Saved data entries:
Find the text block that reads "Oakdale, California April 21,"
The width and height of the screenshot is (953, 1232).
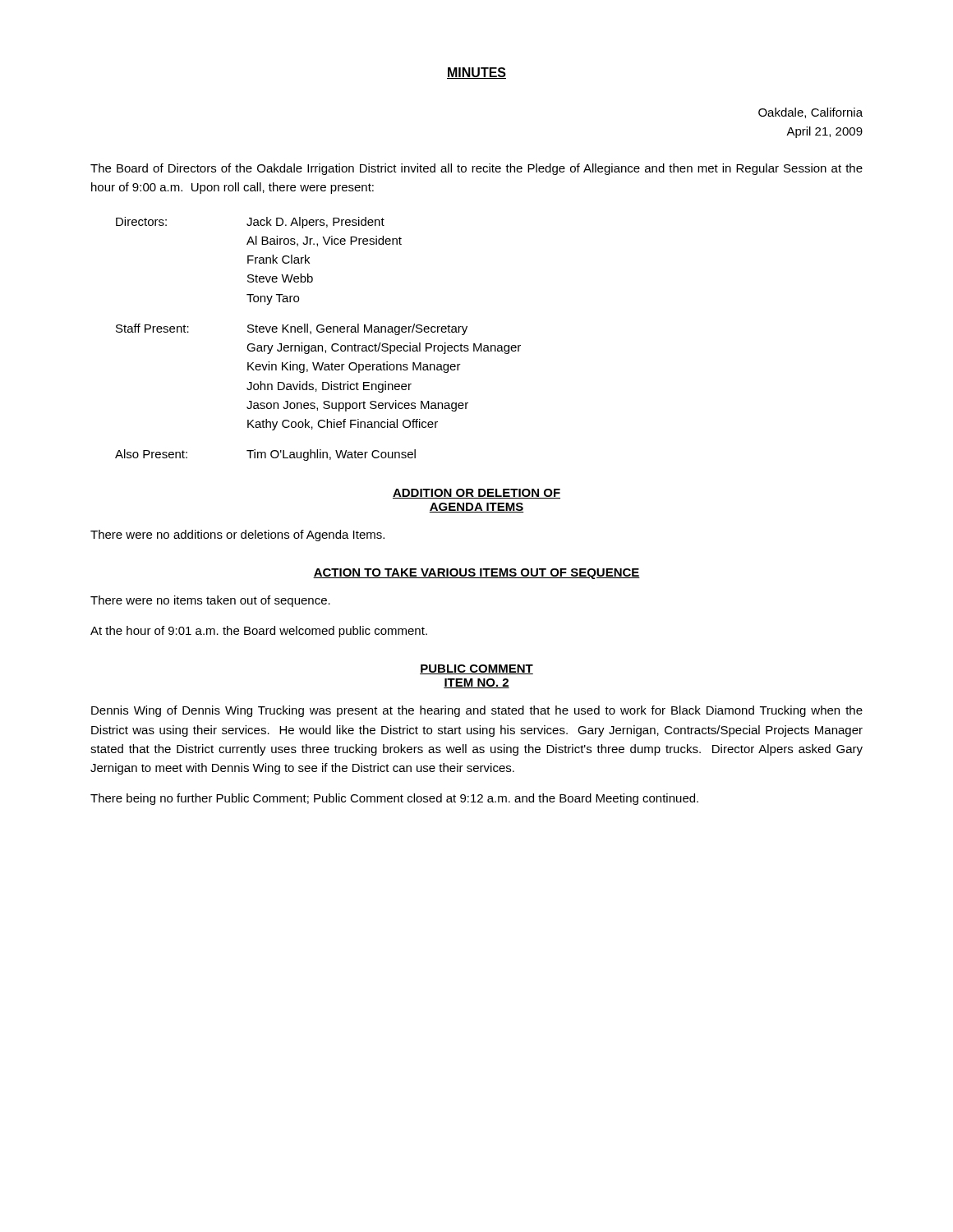click(x=810, y=121)
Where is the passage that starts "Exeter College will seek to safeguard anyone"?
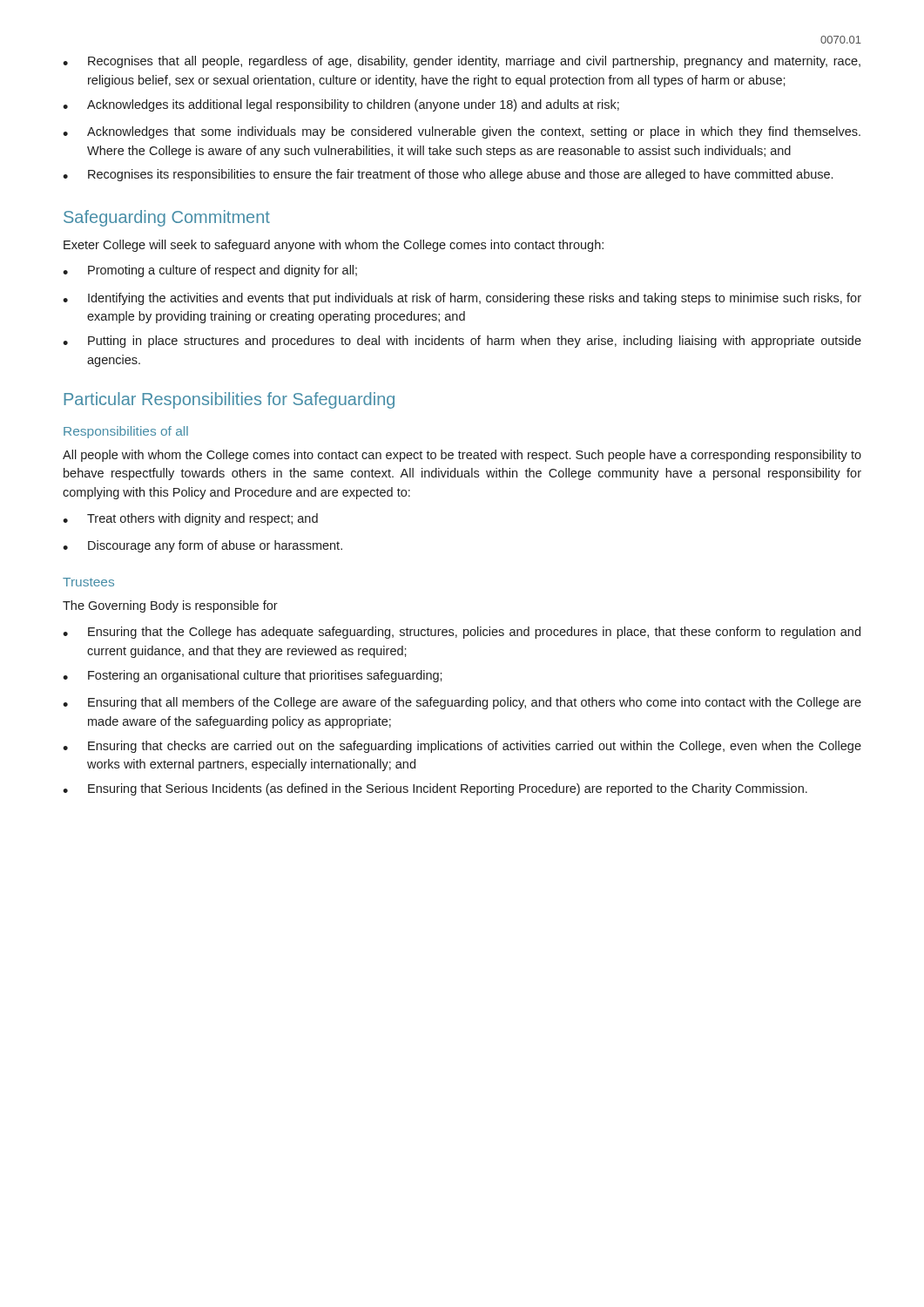Image resolution: width=924 pixels, height=1307 pixels. [334, 244]
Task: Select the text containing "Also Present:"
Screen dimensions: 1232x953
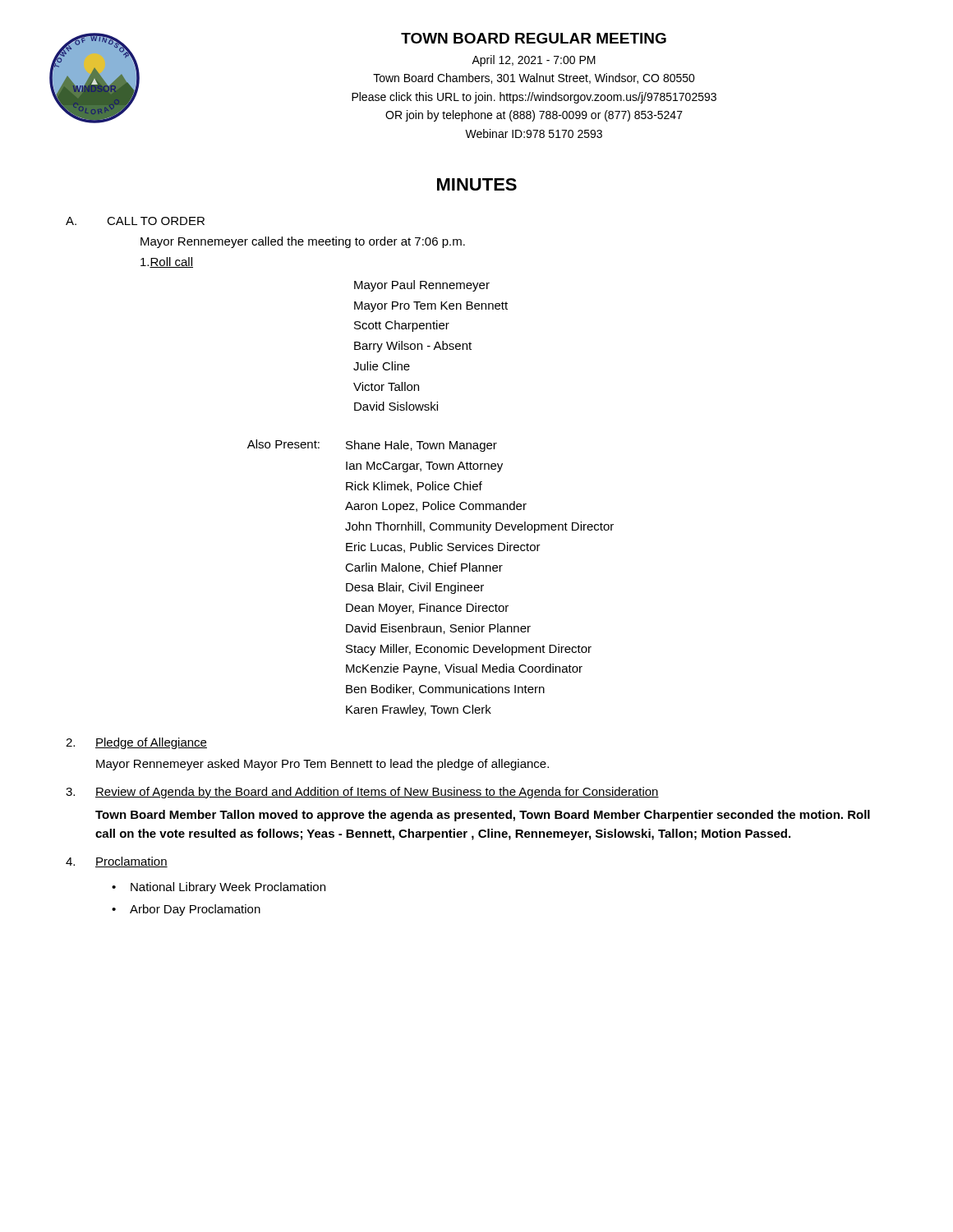Action: click(284, 444)

> Exercise description
Write the records above out again exactly, with no pictures in your copy.

> Response to the exercise
Find the text block that reads "Oakdale, California April 21,"
The width and height of the screenshot is (953, 1232).
click(x=810, y=121)
Where is the passage that starts "Exeter College will seek to safeguard anyone"?
Image resolution: width=924 pixels, height=1307 pixels. [334, 244]
Task: Select the text containing "Also Present:"
Screen dimensions: 1232x953
Action: click(284, 444)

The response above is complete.